By (\ref{P-L2-AP-2}), $\left\Vert F_{n}\right\Vert _{2}\leq C(\xi_{1,K}%
\zeta_{L}\delta_{2,n}+\upsilon_{1,K}\zeta_{L}+\xi_{0,K})\equiv\xi_{F_{n}}$.
Let $H_{[]}\left( u,\mathcal{F}_{n},\left\Vert \cdot\right\Vert _{2}\right)
$ denote the $u$-bracketing entropy number of the function space
$\mathcal{F}_{n}$ under the $L_{2}$-norm. By Example 19.7 in Van der Vaart
(1998), $H_{[]}\left( u\left\Vert F_{n}\right\Vert _{2},\mathcal{F}%
_{n},\left\Vert \cdot\right\Vert _{2}\right) \leq(Cu^{-1})^{L+K}$ for all
$u\in(0,1)$. Hence%
\begin{equation}
J_{[]}\left( d_{n},\mathcal{F}_{n},\left\Vert \cdot\right\Vert _{2}\right)

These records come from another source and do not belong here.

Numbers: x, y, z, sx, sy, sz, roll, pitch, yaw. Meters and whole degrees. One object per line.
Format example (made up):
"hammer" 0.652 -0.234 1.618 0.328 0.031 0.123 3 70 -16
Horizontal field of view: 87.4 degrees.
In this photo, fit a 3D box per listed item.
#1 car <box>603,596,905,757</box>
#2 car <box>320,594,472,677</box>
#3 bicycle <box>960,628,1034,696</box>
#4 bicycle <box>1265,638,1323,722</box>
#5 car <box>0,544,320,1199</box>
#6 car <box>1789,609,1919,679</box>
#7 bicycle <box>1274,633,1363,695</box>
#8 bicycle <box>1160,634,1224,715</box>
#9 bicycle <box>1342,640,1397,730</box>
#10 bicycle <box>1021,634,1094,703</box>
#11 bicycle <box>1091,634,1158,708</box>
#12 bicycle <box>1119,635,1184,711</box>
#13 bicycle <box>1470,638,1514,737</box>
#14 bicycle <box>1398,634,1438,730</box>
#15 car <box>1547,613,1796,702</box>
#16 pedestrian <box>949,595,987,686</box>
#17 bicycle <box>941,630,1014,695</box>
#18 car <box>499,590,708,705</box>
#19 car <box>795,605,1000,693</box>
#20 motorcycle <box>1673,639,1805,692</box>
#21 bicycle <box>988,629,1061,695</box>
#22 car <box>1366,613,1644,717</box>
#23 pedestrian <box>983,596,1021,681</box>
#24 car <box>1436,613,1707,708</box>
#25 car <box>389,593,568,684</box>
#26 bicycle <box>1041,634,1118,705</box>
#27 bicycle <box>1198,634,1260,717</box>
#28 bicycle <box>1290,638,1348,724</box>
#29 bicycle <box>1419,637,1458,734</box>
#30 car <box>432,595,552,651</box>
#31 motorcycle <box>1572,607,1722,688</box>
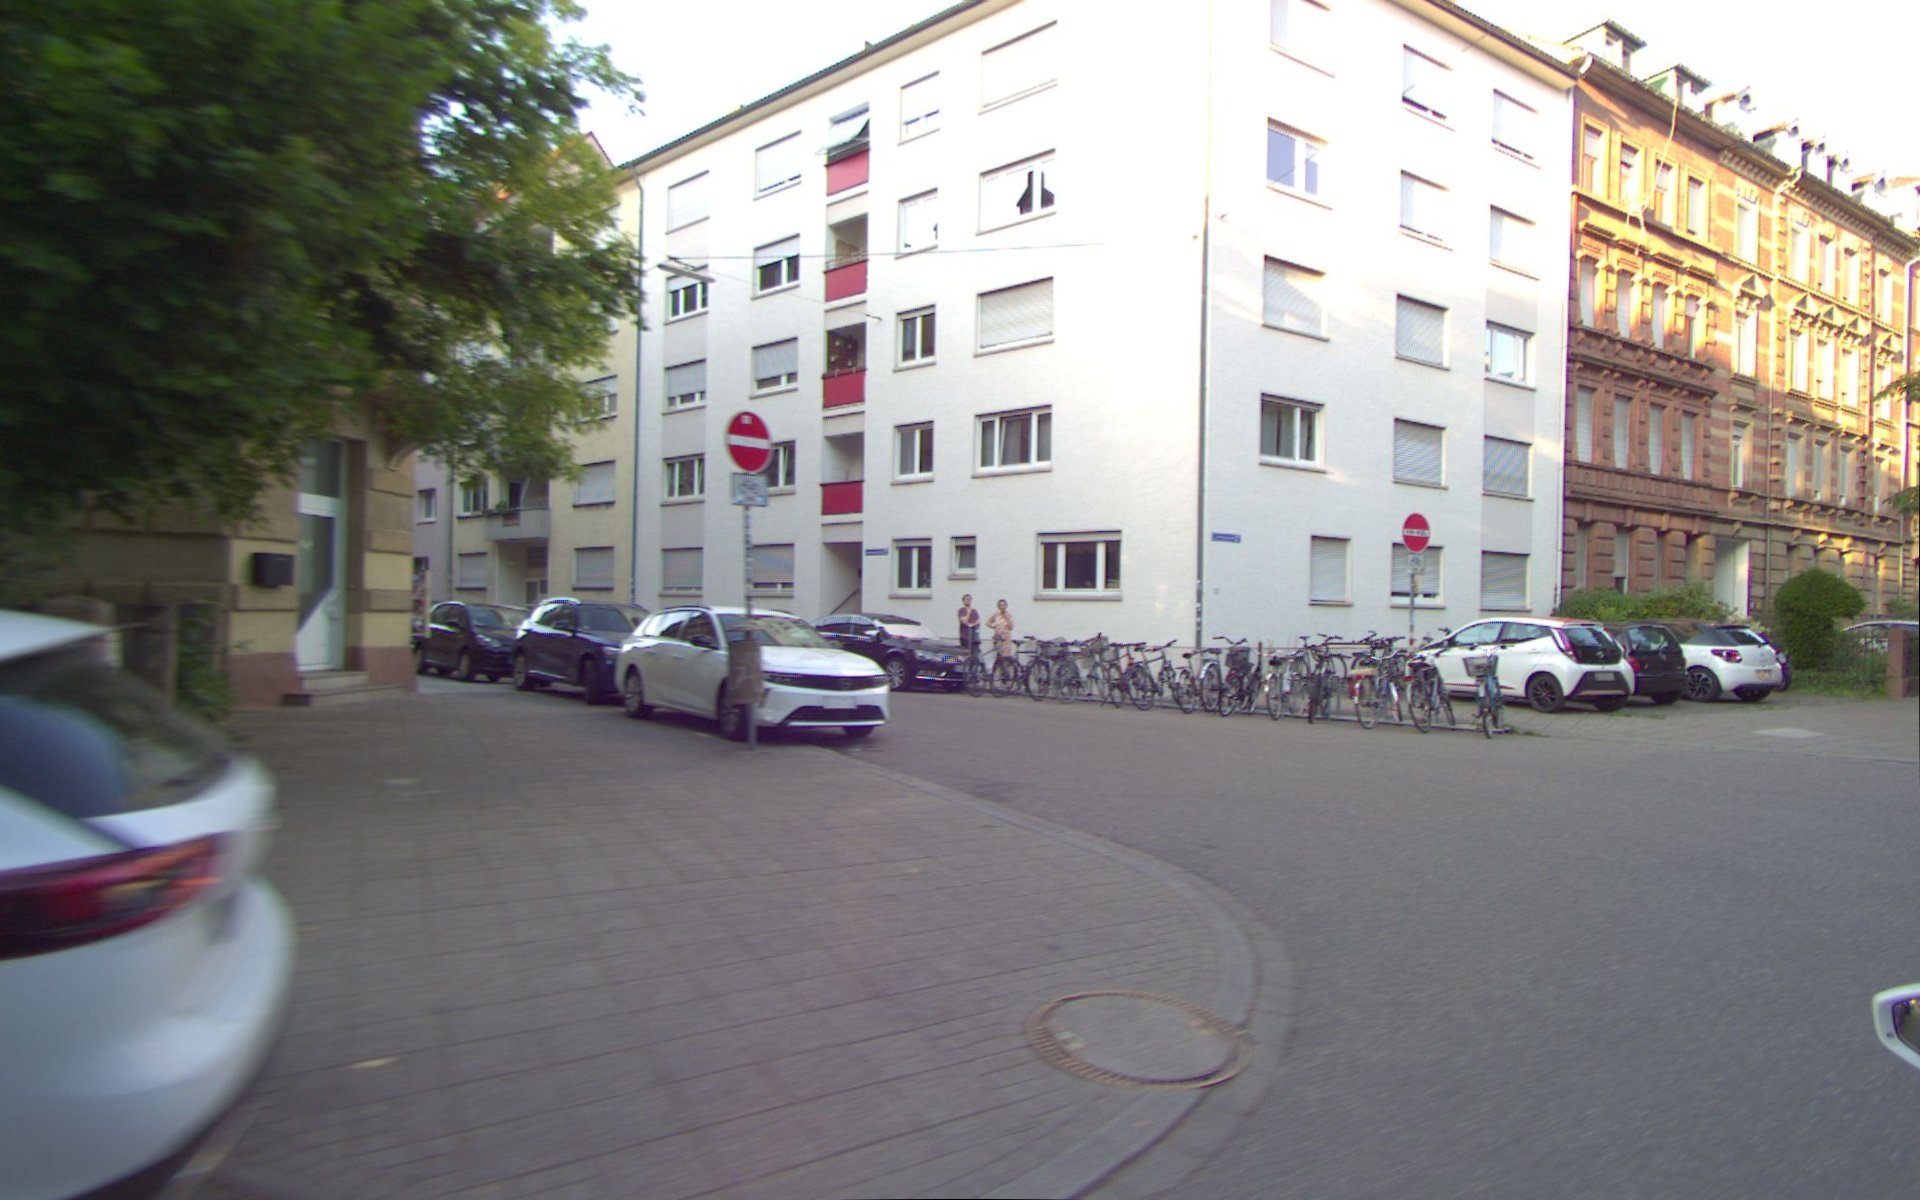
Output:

=\int_{0}^{d_{n}}(\log H_{[]}\left( u,\mathcal{F}_{n},\left\Vert
\cdot\right\Vert _{2}\right) )^{1/2}du\leq C(K+L)^{1/2}(\log(n))^{1/2}d_{n}
\label{P-L2-AP-9}%
\end{equation}
where the inequality is by $d_{n}^{-1}\leq Cn$ and $\xi_{F_{n}}\leq Cn$ which
are implied by Assumption \ref{L-A-3}. By (\ref{P-L2-AP-6}), (\ref{P-L2-AP-7}%
), (\ref{P-L2-AP-9}) and Lemma 19.36 in Van der Vaart (1998),%
\begin{align}
& \mathbb{E}\left[ \sup_{\alpha\in\mathcal{N}_{n}}\left\vert \mu_{n}\left\{
\Delta_{\psi}(Z_{2},g,h)[u_{g_{n}}^{\ast}]-\Delta_{\psi}(Z_{2},g_{o}%
,h_{o})[u_{g_{n}}^{\ast}]\right\} \right\vert \right] \nonumber\\
& \leq\frac{J_{[]}\left( d_{n},\mathcal{F}_{n},\left\Vert \cdot\right\Vert
_{2}\right) }{n^{1/2}}\left( 1+\frac{J_{[]}\left( d_{n},\mathcal{F}%
_{n},\left\Vert \cdot\right\Vert _{2}\right) }{d_{n}^{2}n^{1/2}}M_{n}\right)
\nonumber\\
& \leq C\frac{(K+L)^{1/2}(\log(n))^{1/2}}{n^{1/2}}d_{n}\left( 1+\frac
{(K+L)^{1/2}(\log(n))^{1/2}}{d_{n}n^{1/2}}M_{n}\right) \nonumber\\
& \leq C\frac{(K+L)^{1/2}(\log(n))^{1/2}d_{n}}{n^{1/2}}\left( 1+\frac
{(K+L)^{1/2}\xi_{0,K}(\log(n))^{1/2}}{n^{1/2}}\right) =o_{p}(1)
\label{P-L2-AP-10}%
\end{align}
where the equality is by Assumptions \ref{L-A-3}.(i), and \ref{L-A-3}.(v).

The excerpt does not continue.